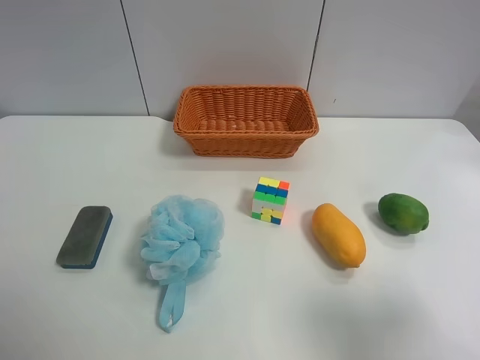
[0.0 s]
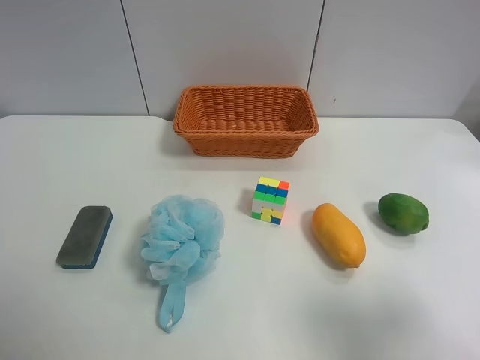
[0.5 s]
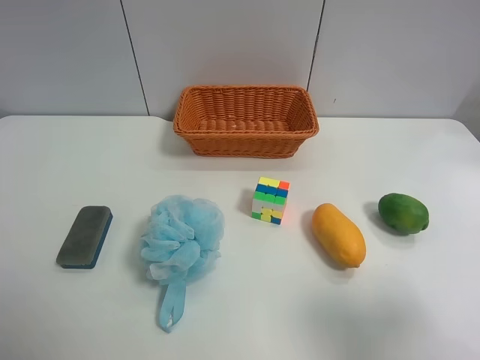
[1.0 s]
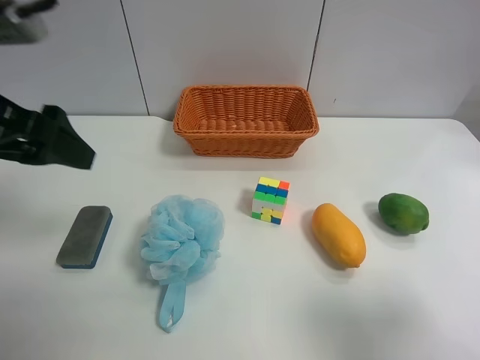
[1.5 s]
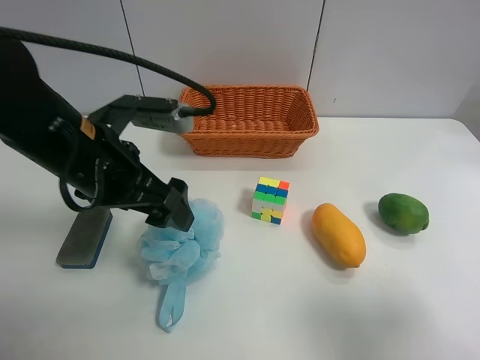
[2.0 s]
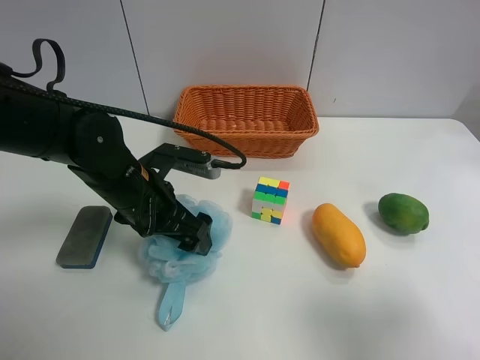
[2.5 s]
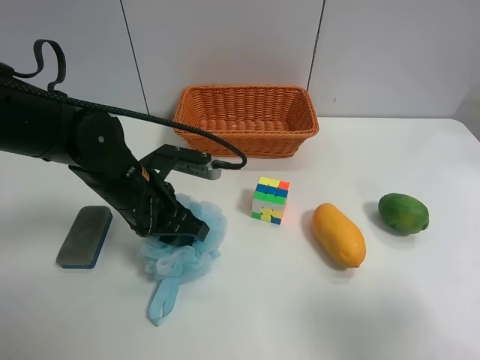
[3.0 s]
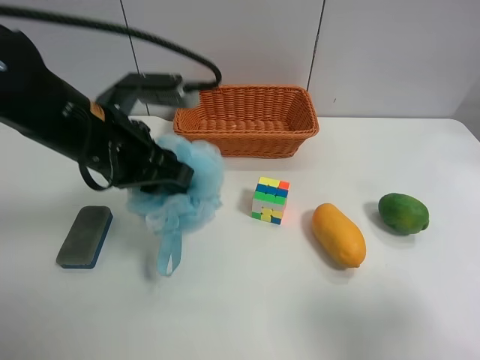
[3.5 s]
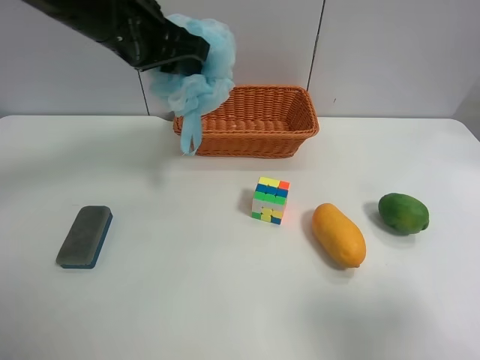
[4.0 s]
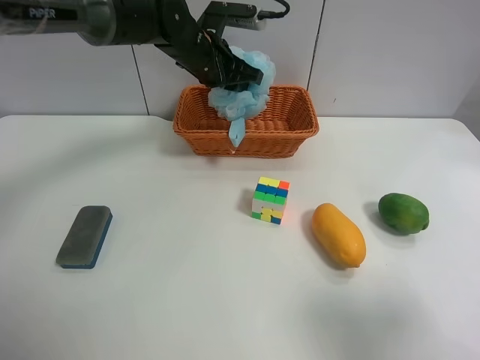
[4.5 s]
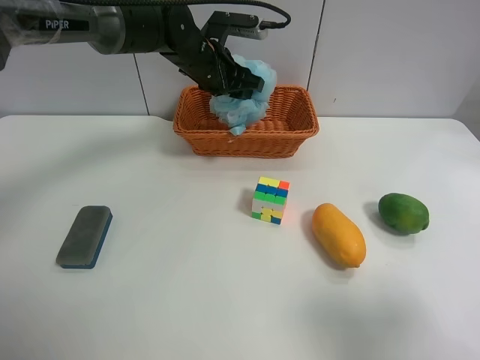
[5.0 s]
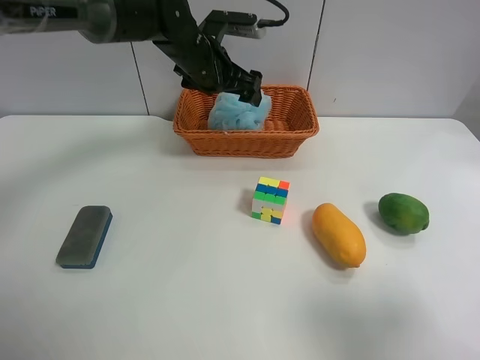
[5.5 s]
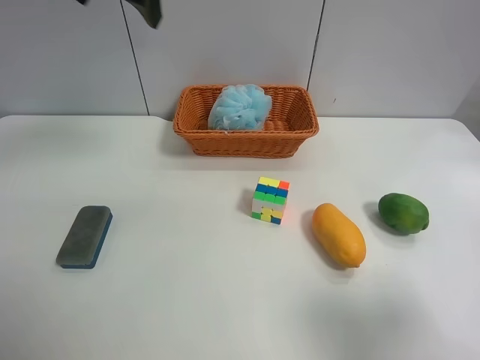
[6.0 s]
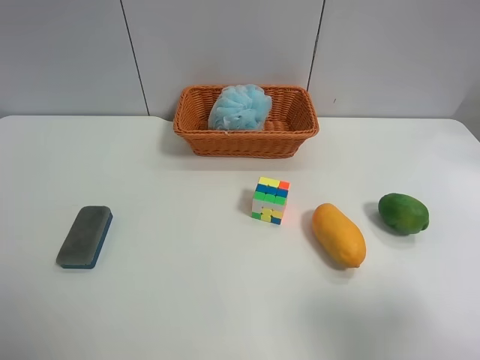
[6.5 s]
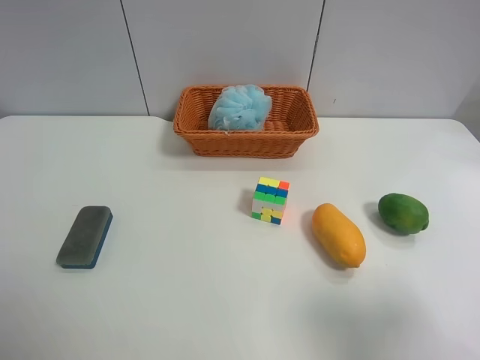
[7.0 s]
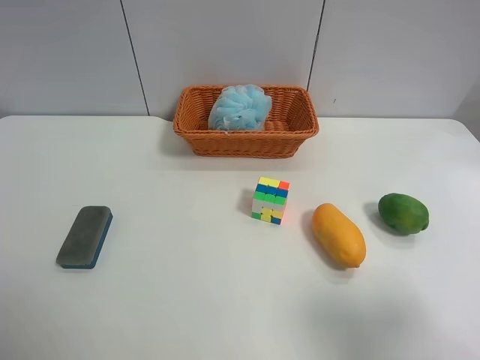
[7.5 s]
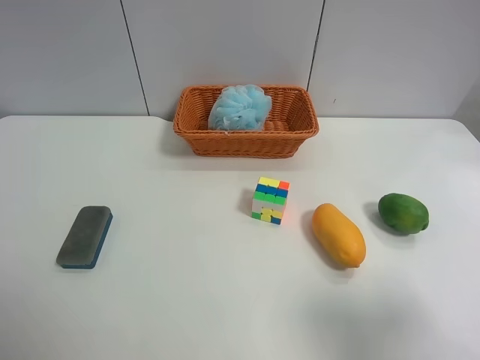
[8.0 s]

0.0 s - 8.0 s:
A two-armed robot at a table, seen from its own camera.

_ _ _ _ _ _ _

**What the exercise asks**
When pictures appear among the entries, skip them and copy all remaining text precisely.

**Written solution**
[0.0 s]
[0.5 s]
[1.0 s]
[1.5 s]
[2.0 s]
[2.5 s]
[3.0 s]
[3.5 s]
[4.0 s]
[4.5 s]
[5.0 s]
[5.5 s]
[6.0 s]
[6.5 s]
[7.0 s]
[7.5 s]
[8.0 s]

0.0 s - 8.0 s:
A two-armed robot at a table, seen from its own camera.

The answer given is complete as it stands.